Dosen Fakultas Ilmu dan Teknologi Kebumian ITB tersebut menjelaskan bahwa mekanisme acoustic shadow zone menjadi jawaban teknis mengapa gelombang suara erupsi tidak terdengar di wilayah pesisir yang dekat dengan kawah Selat Sunda, namun justru memantul dan terdengar keras di wilayah pegunungan Jawa Barat yang berjarak ratusan kilometer.
Menurut Mirzam, perbedaan temperatur serta arah dan kecepatan angin pada ketinggian tertentu dapat menyebabkan gelombang suara mengalami pembiasan ke atas (upward refraction). Gelombang ini kemudian melewati zona bayangan sebelum akhirnya kembali terbelokkan ke permukaan tanah di lokasi yang jauh.

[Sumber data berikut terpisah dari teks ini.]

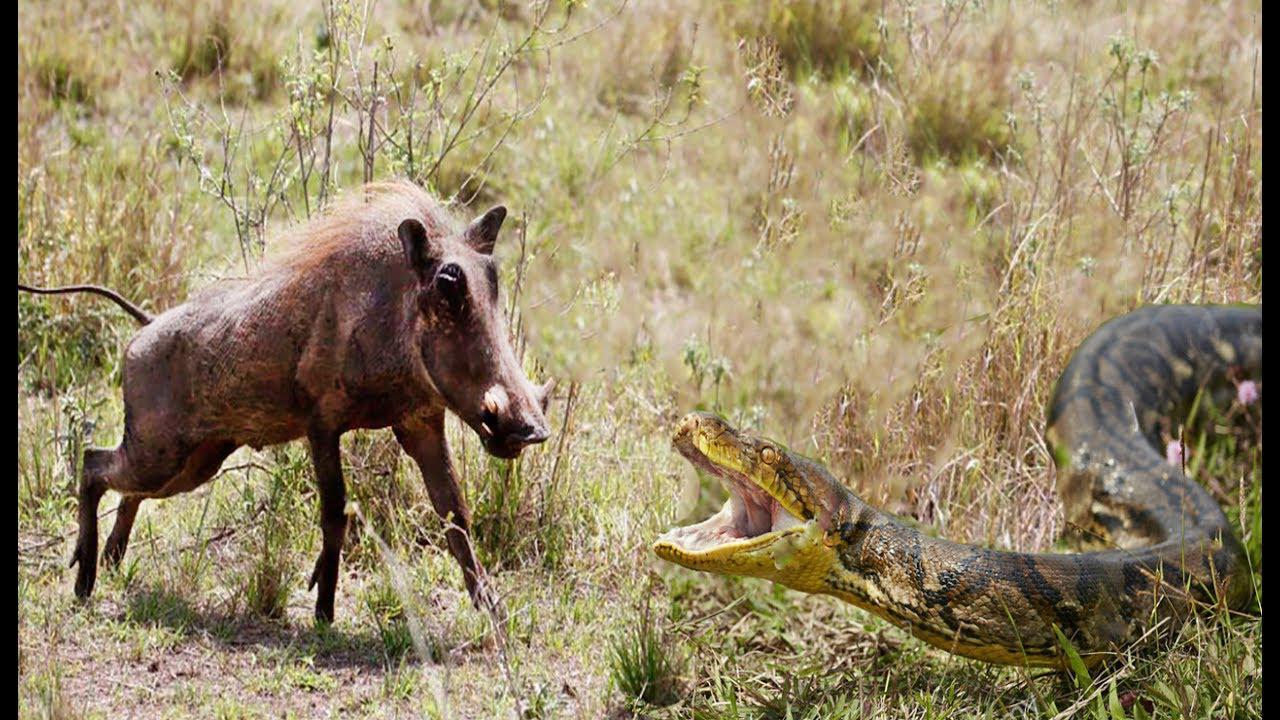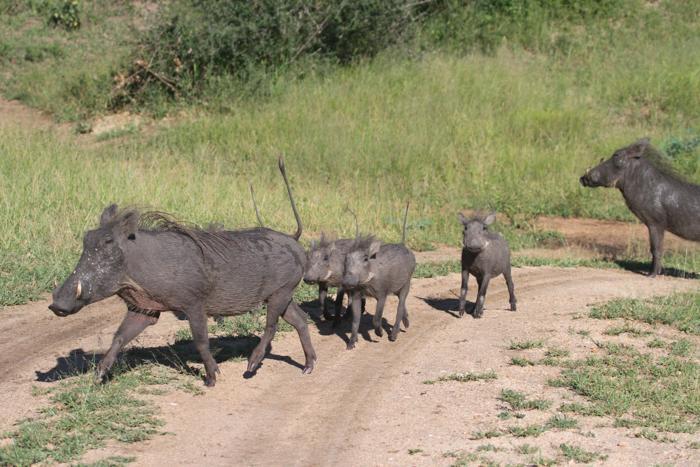The first image is the image on the left, the second image is the image on the right. Analyze the images presented: Is the assertion "There are exactly 5 animals in the image on the right." valid? Answer yes or no. Yes. The first image is the image on the left, the second image is the image on the right. For the images shown, is this caption "There are exactly five animals in the image on the right." true? Answer yes or no. Yes.

“Sebagian energi suara yang bergerak di atas zona bayangan dapat mengalami scattering atau penyebaran akibat turbulensi atmosfer. Dalam kondisi tertentu, gelombang tersebut juga dapat mengalami difraksi sehingga sebagian energinya kembali mencapai permukaan di tempat yang lebih jauh,” ujar Mirzam, Minggu (6/9/2026).
Untuk memastikan apakah dentuman tersebut berkaitan langsung dengan aktivitas Gunung Anak Krakatau, Mirzam menegaskan pentingnya pembuktian data saintifik yang lebih komprehensif agar tidak terjadi kesimpulan yang prematur.
“Belum tentu. Perlu kajian lebih lanjut untuk memastikan sumbernya. Jadi, dentuman semalam masih menjadi sebuah pertanyaan menarik, bukan sebuah kesimpulan. Kajian lebih mendalam tentu perlu kita lakukan,” ucapnya.
Mirzam menambahkan, tim peneliti saat ini masih perlu melakukan verifikasi data yang melibatkan pencocokan jeda waktu kedatangan gelombang suara, karakteristik sinyal, topografi wilayah, hingga dinamika atmosfer di Jawa bagian barat.
Terkait status Gunung Anak Krakatau yang berada pada Level III (Siaga), ia mengimbau masyarakat untuk tetap tenang, meningkatkan literasi bencana, serta mematuhi rekomendasi untuk tidak beraktivitas dalam radius aman 3 kilometer dari kawah aktif.